The offended, perhaps because of personal experience, realizes that the offence could very well be repeated. Why forgive? Why leave myself open to further pain? How many times should I be expected to forgive? Surely there should be a limit!
The startling truth is that there can be no limit.
Matthew chapter 18 begins with a question about who is the greatest in the kingdom of heaven. Jesus' response calls on each disciple to become the greatest by humbling himself. He then deals with our responsibilities towards others. It is a serious thing to cause others spiritual harm. We must by all means avoid being the cause of such.
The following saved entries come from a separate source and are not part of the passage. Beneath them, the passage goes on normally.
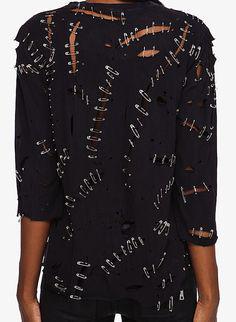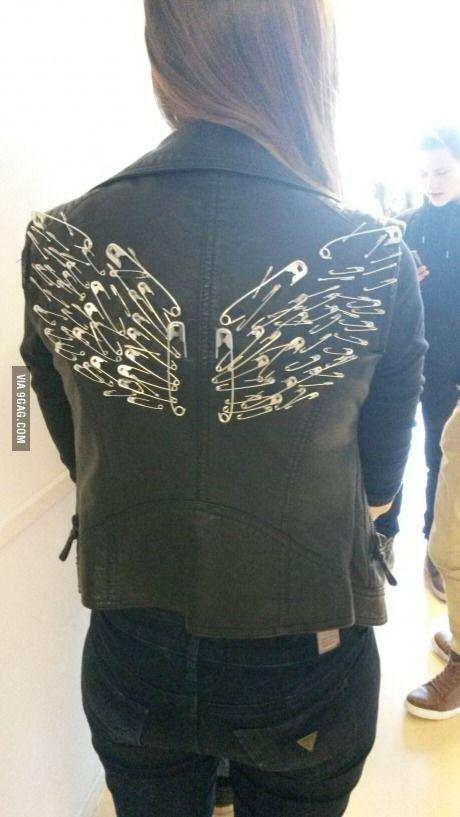The first image is the image on the left, the second image is the image on the right. Given the left and right images, does the statement "The images show the backs of coats." hold true? Answer yes or no. Yes. The first image is the image on the left, the second image is the image on the right. Evaluate the accuracy of this statement regarding the images: "At least one jacket is sleeveless.". Is it true? Answer yes or no. Yes. 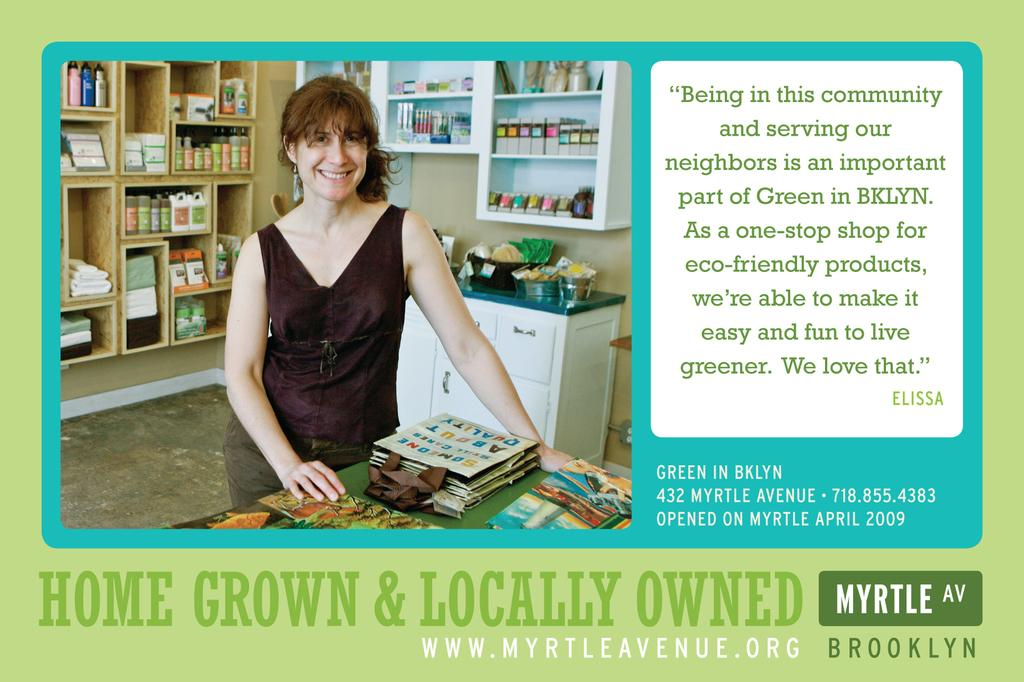Who is the main subject in the image? There is a woman in the image. What is the woman wearing? The woman is wearing a black dress. What is the woman doing in the image? The woman is standing. What can be seen behind the woman? There are objects behind the woman. What additional information is provided with the image? There is text written beside and below the image. What type of impulse is the woman experiencing in the image? There is no indication of any impulse being experienced by the woman in the image. What scientific theory is the woman discussing in the image? There is no indication of any scientific discussion or theory in the image. 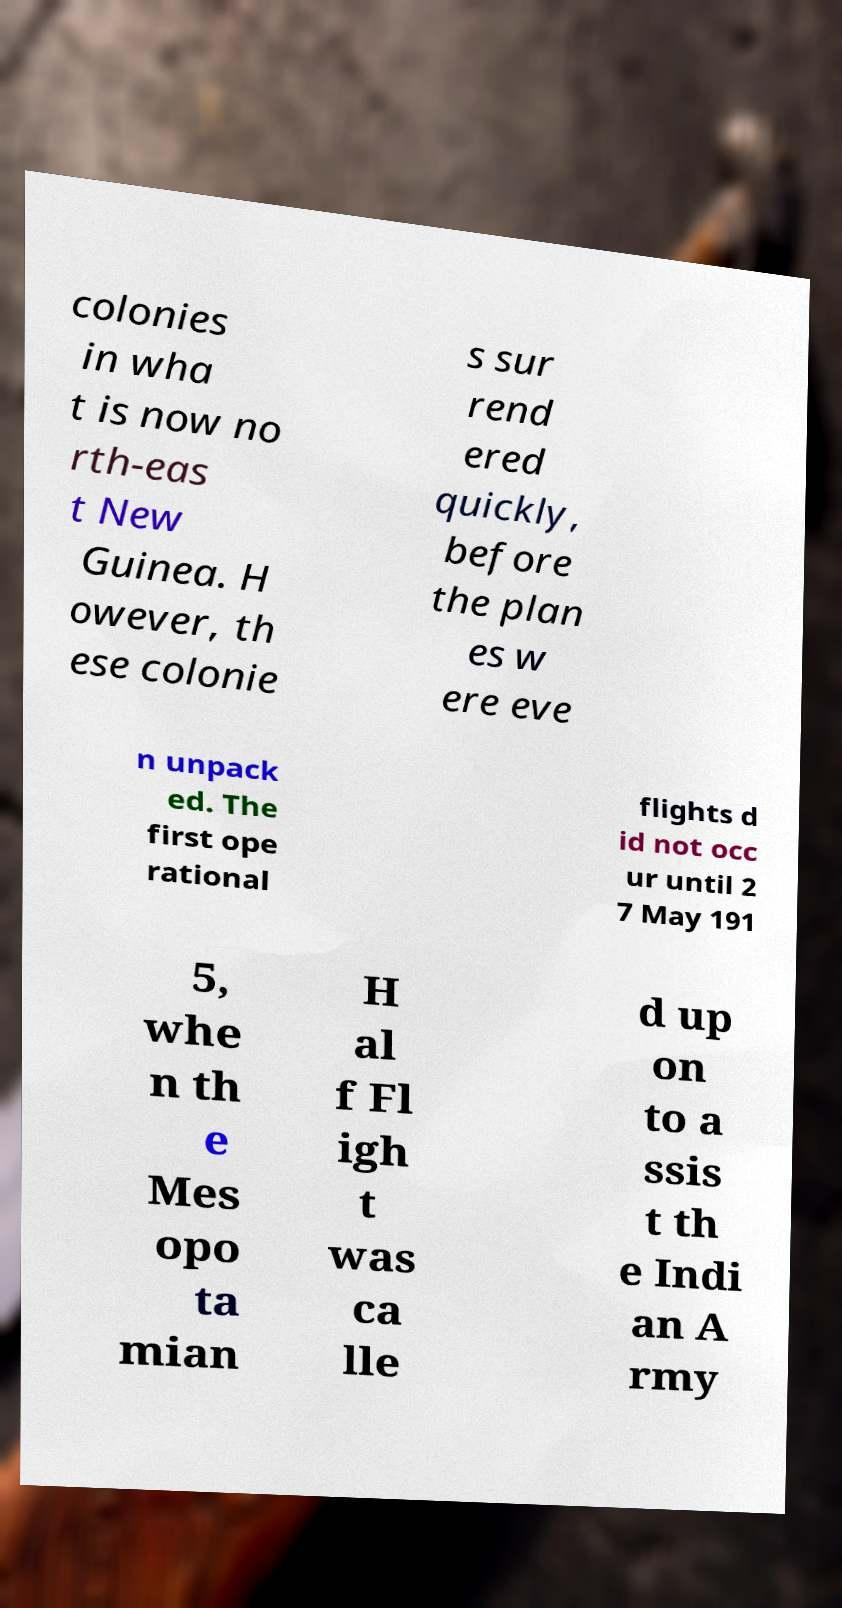Please read and relay the text visible in this image. What does it say? colonies in wha t is now no rth-eas t New Guinea. H owever, th ese colonie s sur rend ered quickly, before the plan es w ere eve n unpack ed. The first ope rational flights d id not occ ur until 2 7 May 191 5, whe n th e Mes opo ta mian H al f Fl igh t was ca lle d up on to a ssis t th e Indi an A rmy 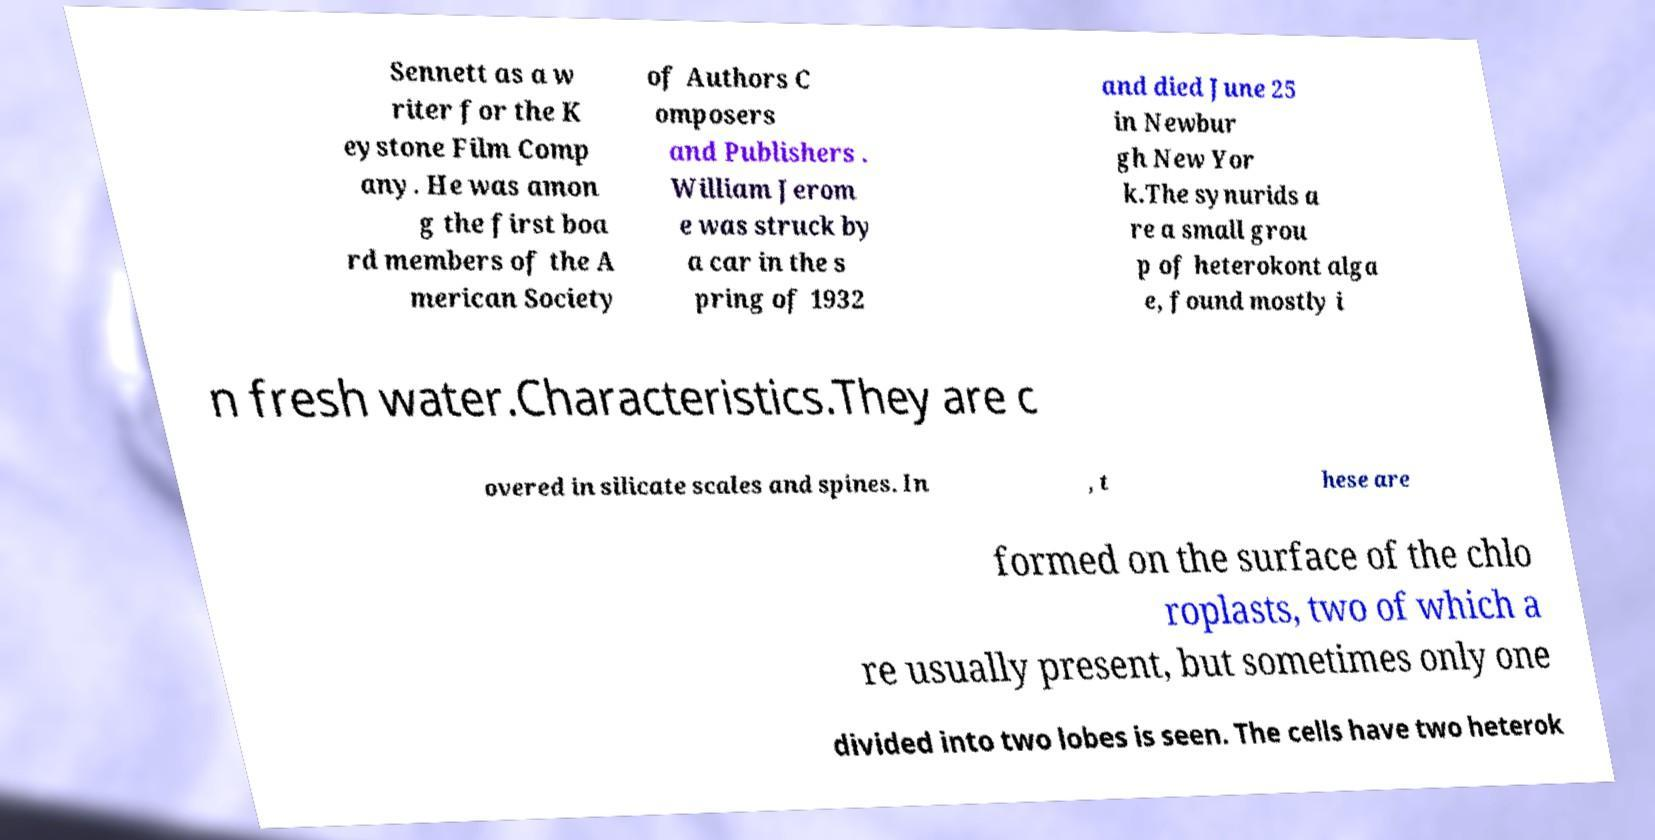Could you extract and type out the text from this image? Sennett as a w riter for the K eystone Film Comp any. He was amon g the first boa rd members of the A merican Society of Authors C omposers and Publishers . William Jerom e was struck by a car in the s pring of 1932 and died June 25 in Newbur gh New Yor k.The synurids a re a small grou p of heterokont alga e, found mostly i n fresh water.Characteristics.They are c overed in silicate scales and spines. In , t hese are formed on the surface of the chlo roplasts, two of which a re usually present, but sometimes only one divided into two lobes is seen. The cells have two heterok 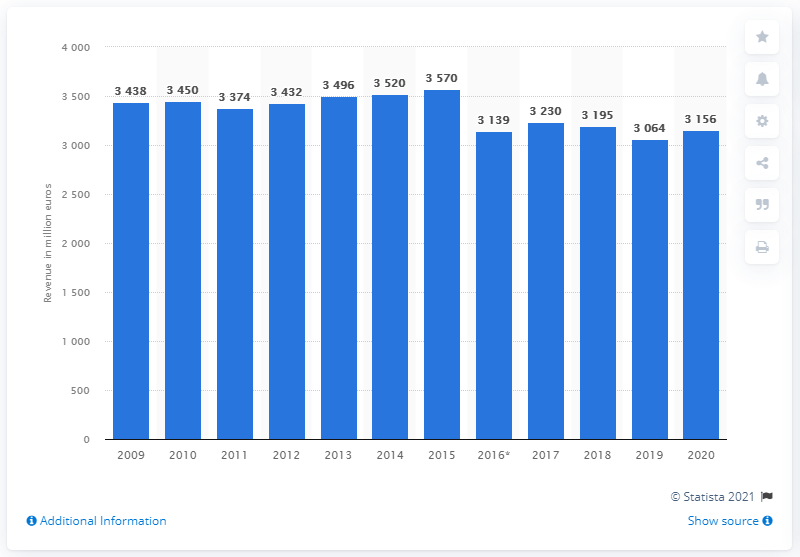Indicate a few pertinent items in this graphic. Nestlé generated approximately 3,195 million euros in Germany in 2020.

The self renunciation involved to avoid offending others is likened to the amputation of a hand or foot or the gouging out of an eye. Pretty serious business! This whole section is about relationships among brethren and especially warns us to avoid causing others to sin, to wander away or to be lost. It ends with, "In the same way your Father in heaven is not willing that any of these little ones should be lost (v.14).
Obviously, Jesus understood that the way we treat each other could have very adverse, long-term results. God is very much concerned and seeks after "those that wander off". Am I concerned? Do I seek after them? What about you?
Offences have, do and will happen even (sometimes it appears more so) among brethren. Jesus next addresses the procedures for correcting such. Although it is likely that most of us can list the steps and procedures involved, I fear that very few manage to do them. Therefore we will examine them once more.
The first step is a private one, evidently to avoid magnifying the problem by making it public. Such can be embarrassing to the parties involved, a blot on the church and cause resolution to be even more difficult. Although Jesus' instruction is to go to the offender we tend to go in another direction. We go to others and share our hurt with one, or two or several. The matter becomes public and thus more complicated and difficult. Much harm is done. We thus, perhaps inadvertently, commit a serious offence against the offender. Jesus says to "go" to him and "show" him not someone else. It may be difficult but it is so much better to do it Jesus' way.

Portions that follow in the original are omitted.